Location
- 17816 Bushard Street Fountain Valley, California 92708 United States 33°42′16″N 117°57′44″W﻿ / ﻿33.70441°N 117.96217°W

Information
- Type: Public high school
- Established: 1966; 60 years ago
- School district: Huntington Beach Union High School District
- Principal: Casey Harelson
- Teaching staff: 119.69 (FTE)
- Grades: 9–12
- Enrollment: 3,130 (2023–2024)
- Student to teacher ratio: 26.15
- Campus: Suburban
- Colors: Gold, blue and red
- Athletics conference: CIF Southern Section Sunset League
- Team name: Barons
- Rival: Edison Chargers
- Newspaper: Baron Banner
- Yearbook: Raconteur
- Website: fvhs.com

= Fountain Valley High School =

Fountain Valley High School (FVHS) is a public high school in Fountain Valley, California.
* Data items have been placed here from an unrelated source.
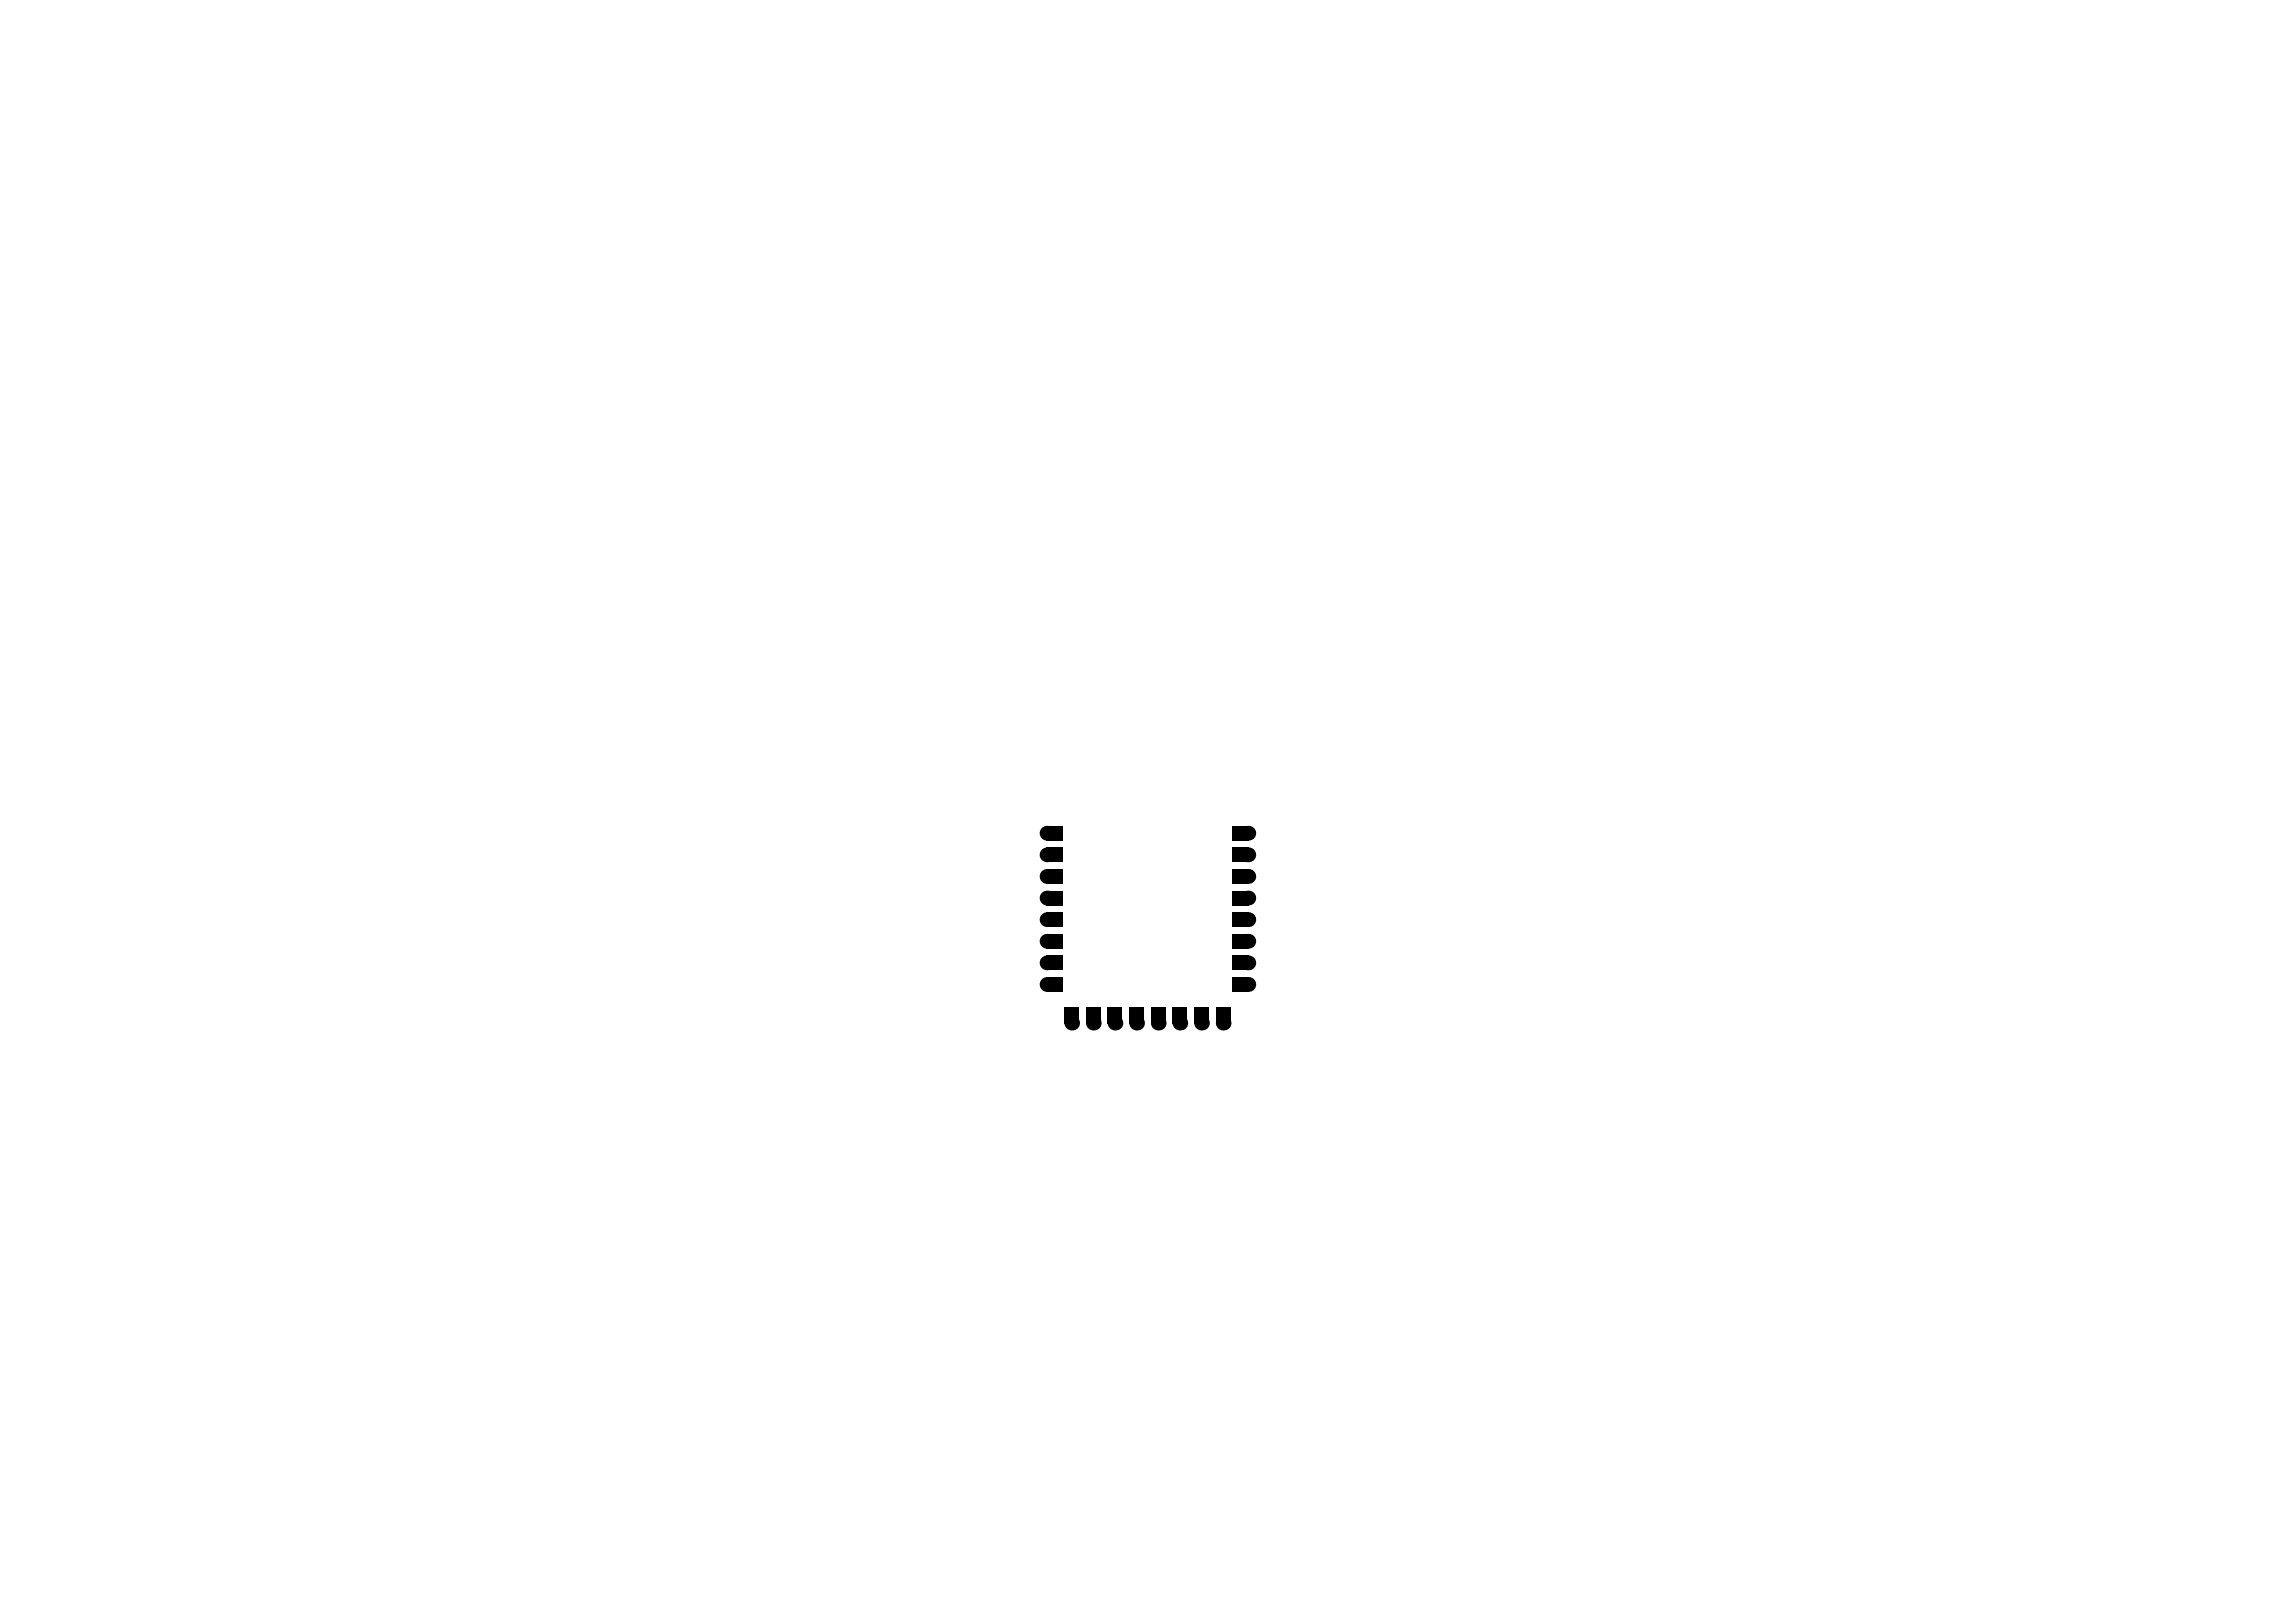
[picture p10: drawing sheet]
<svg xmlns="http://www.w3.org/2000/svg" width="297mm" height="210mm" viewBox="0 0 297 210" stroke-linecap="round" stroke-linejoin="round" font-family="sans-serif">
<g fill="#000">
<circle cx="135.5" cy="116.2" r=".95"/>
<circle cx="135.5" cy="107.8" r=".95"/>
<circle cx="135.5" cy="113.4" r=".95"/>
<circle cx="135.5" cy="110.6" r=".95"/>
<circle cx="135.5" cy="119" r=".95"/>
<circle cx="161.4" cy="119" r=".95"/>
<circle cx="161.4" cy="116.2" r=".95"/>
<circle cx="161.4" cy="107.8" r=".95"/>
<circle cx="161.4" cy="113.4" r=".95"/>
<circle cx="161.4" cy="110.6" r=".95"/>
<circle cx="135.5" cy="124.6" r=".95"/>
<circle cx="135.5" cy="127.4" r=".95"/>
<circle cx="135.5" cy="121.8" r=".95"/>
<circle cx="138.6" cy="132.4" r=".95"/>
<circle cx="141.4" cy="132.4" r=".95"/>
<circle cx="144.2" cy="132.4" r=".95"/>
<circle cx="147" cy="132.4" r=".95"/>
<circle cx="149.8" cy="132.4" r=".95"/>
<circle cx="152.6" cy="132.4" r=".95"/>
<circle cx="155.4" cy="132.4" r=".95"/>
<circle cx="158.2" cy="132.4" r=".95"/>
<circle cx="161.4" cy="121.8" r=".95"/>
<circle cx="161.4" cy="127.4" r=".95"/>
<circle cx="161.4" cy="124.6" r=".95"/>
</g>
<g fill="#000">
<path d="M135.4 112.5h2.1v1.9h-2.1z" fill-rule="evenodd"/>
<path d="M135.4 115.3h2.1v1.9h-2.1z" fill-rule="evenodd"/>
<path d="M135.4 118.1h2.1v1.9h-2.1z" fill-rule="evenodd"/>
<path d="M135.4 109.7h2.1v1.9h-2.1z" fill-rule="evenodd"/>
<path d="M135.4 106.9h2.1v1.9h-2.1z" fill-rule="evenodd"/>
<path d="M159.4 118.1h2.1v1.9h-2.1z" fill-rule="evenodd"/>
<path d="M159.4 115.3h2.1v1.9h-2.1z" fill-rule="evenodd"/>
<path d="M159.4 109.7h2.1v1.9h-2.1z" fill-rule="evenodd"/>
<path d="M159.4 106.9h2.1v1.9h-2.1z" fill-rule="evenodd"/>
<path d="M159.4 112.5h2.1v1.9h-2.1z" fill-rule="evenodd"/>
<path d="M135.4 120.9h2.1v1.9h-2.1z" fill-rule="evenodd"/>
<path d="M135.4 123.7h2.1v1.9h-2.1z" fill-rule="evenodd"/>
<path d="M135.4 126.5h2.1v1.9h-2.1z" fill-rule="evenodd"/>
<path d="M137.7 130.3h1.9v2.1h-1.9z" fill-rule="evenodd"/>
<path d="M140.5 130.3h1.9v2.1h-1.9z" fill-rule="evenodd"/>
<path d="M143.3 130.3h1.9v2.1h-1.9z" fill-rule="evenodd"/>
<path d="M146.1 130.3h1.9v2.1h-1.9z" fill-rule="evenodd"/>
<path d="M148.9 130.3h1.9v2.1h-1.9z" fill-rule="evenodd"/>
<path d="M151.7 130.3h1.9v2.1h-1.9z" fill-rule="evenodd"/>
<path d="M154.5 130.3h1.9v2.1h-1.9z" fill-rule="evenodd"/>
<path d="M157.3 130.3h1.9v2.1h-1.9z" fill-rule="evenodd"/>
<path d="M159.4 126.5h2.1v1.9h-2.1z" fill-rule="evenodd"/>
<path d="M159.4 120.9h2.1v1.9h-2.1z" fill-rule="evenodd"/>
<path d="M159.4 123.7h2.1v1.9h-2.1z" fill-rule="evenodd"/>
</g>
</svg>

It is a part of the Huntington Beach Union High School District.

== History ==
Fountain Valley was established in 1966. It is notable for its rivalry with Edison High School, particularly during the American football season when both schools compete in the "Battle of the Bell".

For the first few years after opening, the school had a larger student population than any other high school west of the Mississippi with approximately 4,300 students. Due to the large student body, school days were split into two shifts, mornings for underclassmen and afternoons for upperclassmen. Over the years, enrollment decreased due to various factors, including the opening of Edison High School in 1969.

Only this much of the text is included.